Maroc-Grande Bretagne : la filière agricole espagnole tremble
La nouvelle connexion commerciale maritime entre le port de Tanger Med et celui de Poole (Grande-Bretagne) est perçu d’un mauvais œil par la filière agricole espagnole. La réduction des délais de livraison et les nouvelles restrictions imposées aux exportations européennes après le Brexit, sont des atouts majeurs pour la filière marocaine pour s’imposer sur le marché britannique.
Le Brexit n’a pas encore livré tous ses enjeux et pourrait profiter pleinement aux exportations agricoles. D’ailleurs, les opérateurs espagnols suivent, non sans un pincement au cœur, l’évolution des pourparlers entre le Maroc et le Royaume-Uni pour l’acheminement des produits agricoles vers la Grande Bretagne. L’annonce de la prochaine liaison commerciale entre le Maroc et la Grande-Bretagne a bouleversé les calculs de la filière agricole du pays voisin. Et, il y a de quoi se faire du mouron. La route maritime entre Tanger Med et le port de Poole, au sud-est de l’Angleterre, est d’une durée de trois jours seulement, contre six jours via l’espace européen. Ce n’est pas tout ! Exit la double traversée, celle du détroit de Gibraltar et de la Manche, ce qui suppose donc moins de coûts. Il est somme tout à fait normal que la ligne à l’initiative de la compagnie Seaways fasse des jaloux en Espagne. Le journal économique digital El Economsita s’y est longuement intéressé. D’emblée, le média économique ibère reconnait que cette connexion est plus avantageuse et ce, à plus d’un titre. Outre le gain de temps, cette route éviterait aux expéditions agricoles marocaines les longs tracas administratifs aux frontières, appliqués aux produits dans l’espace communautaire. Le média évoque cette congestion des flux commerciaux aux portes de la Grande-Bretagne à cause des nouvelles procédures d’admission des biens en provenance de l’espace européen. Seulement, la liaison commerciale hebdomadaire ne fait pas des heureux en Espagne. Les producteurs canariens ont exprimé leur malaise avec la prochaine mise en service de cette desserte commerciale hebdomadaire. Confrontés à une épidémie qui s’attaque à la tomate insulaire, les exportateurs de l’archipel sont convaincus que cette nouvelle coopération portera un coup dur aux exportations agricoles destinées au marché britannique.

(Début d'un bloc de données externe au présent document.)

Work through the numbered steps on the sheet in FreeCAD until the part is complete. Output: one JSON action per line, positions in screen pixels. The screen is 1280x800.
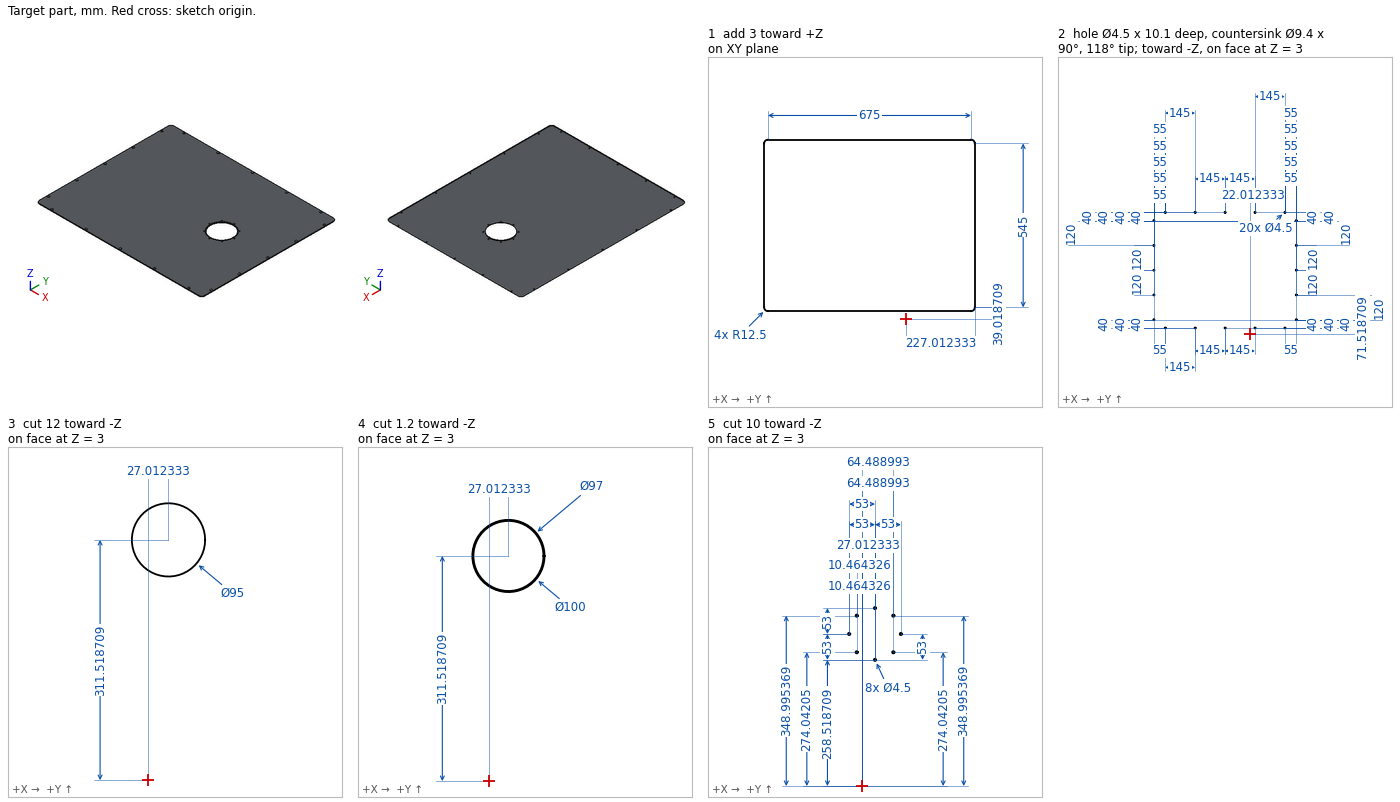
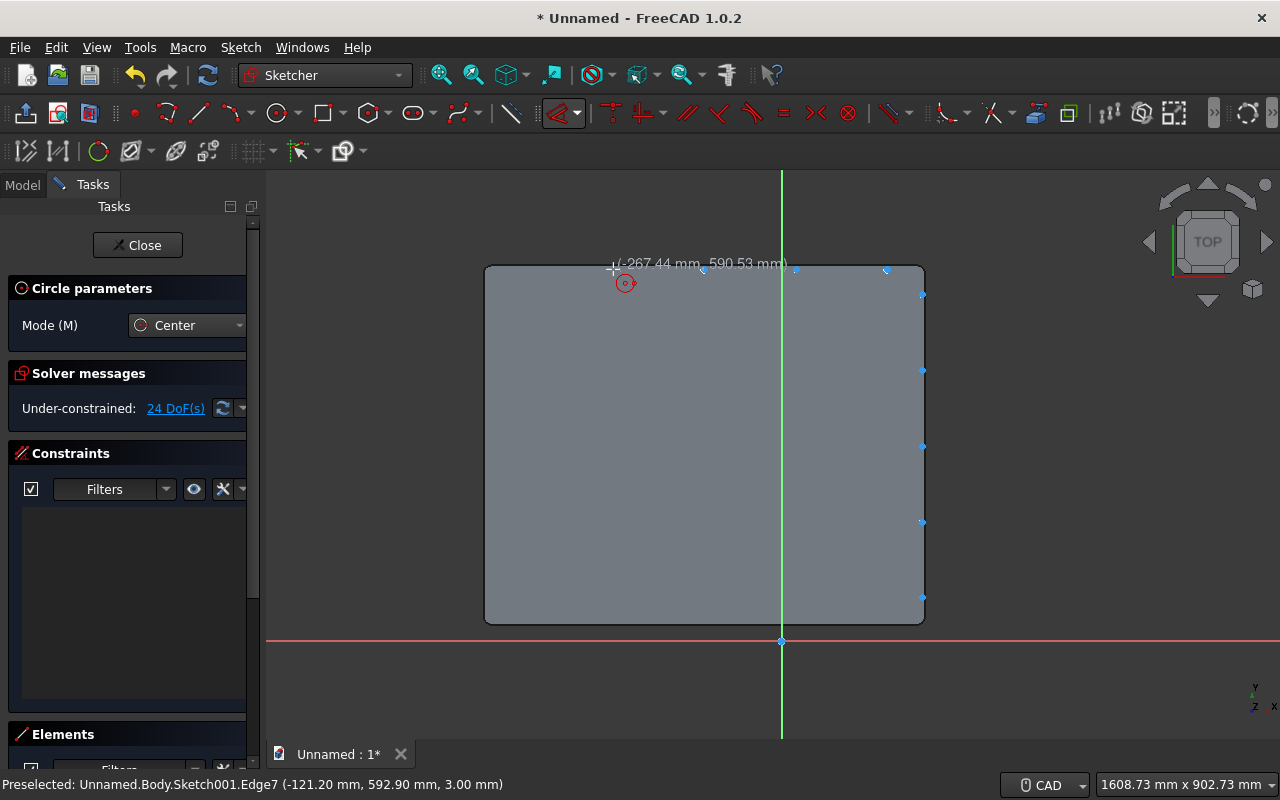
{"action": "left_click", "coordinate": [613, 269]}

En effet, la tomate canarienne arrive en tête des expéditions avec 62% des envois, suivie par le concombre. D’où les inquiétudes de cette filière régionale. L’entrée en service de la ligne maroco-britannique infligera des pertes considérables au secteur de la tomate de cette zone espagnole. Celui-ci bénéficie déjà d’une ribambelle d’aides pour affronter la nouvelle situation du marché britannique. Les opérateurs de cette région insulaire reçoivent par exemple des fonds européens pour «le transport des envois destinées au marché britannique», ou encore cette subvention dans le cadre du programme d’appui aux productions agricoles des Canaries. Sans oublier ce subside appelé “aide à la réadaptation aux marchés”. Hélas, ce n’est pas suffisant, jugent-ils pour faire face à la nouvelle donne. La filière espagnole devrait faire face à une série d’obstacles, après le Brexit. Dès avril, un registre exhaustif de l’origine animale et non-animale des produits, les produits alimentaires d’origine non-animale de haut risque doit être fournie pour accéder au territoire britannique.
De même, à compte du 1er juillet et outre les contrôles phytosanitaires, les agriculteurs devraient passer à la caisse pour s’acquitter des droits de douane ainsi que l’entrée en vigueur de nouvelles procédures d’importation de produits d’origine animale. Donc, l’arrivée en trois jours des envois agricoles marocains est la grande hantise de la filière agricole espagnole. Celle-ci voit d’un mauvais œil ce nouveau service qui boostera à coup sûr le positionnement des expéditions agricoles du terroir sur le sol britannique, un marché plus que promoteur. Rien qu’en Andalousie, le principal concurrent du Maroc, les producteurs de cette région espagnole ont expédié, en 2020, des envois d’une valeur de 1.149 millions d’euros en hausse de 7%. Ce qui positionne le Royaume-Uni
comme la troisième destination des exportateurs agricoles andalous. En somme, cette nouvelle route, couplée aux nouvelles restrictions et la lourdeur des procédures douaniers devraient jouer en faveur des exportations marocaines de fruits et légumes.
D’ailleurs, les Britanniques, contrariés après le douloureux divorce avec le partenaire de jadis, cherchent à multiplier les marchés d’approvisionnement. Le Maroc se présente comme la plateforme idéale pour couper le cordon agricole avec l’Europe.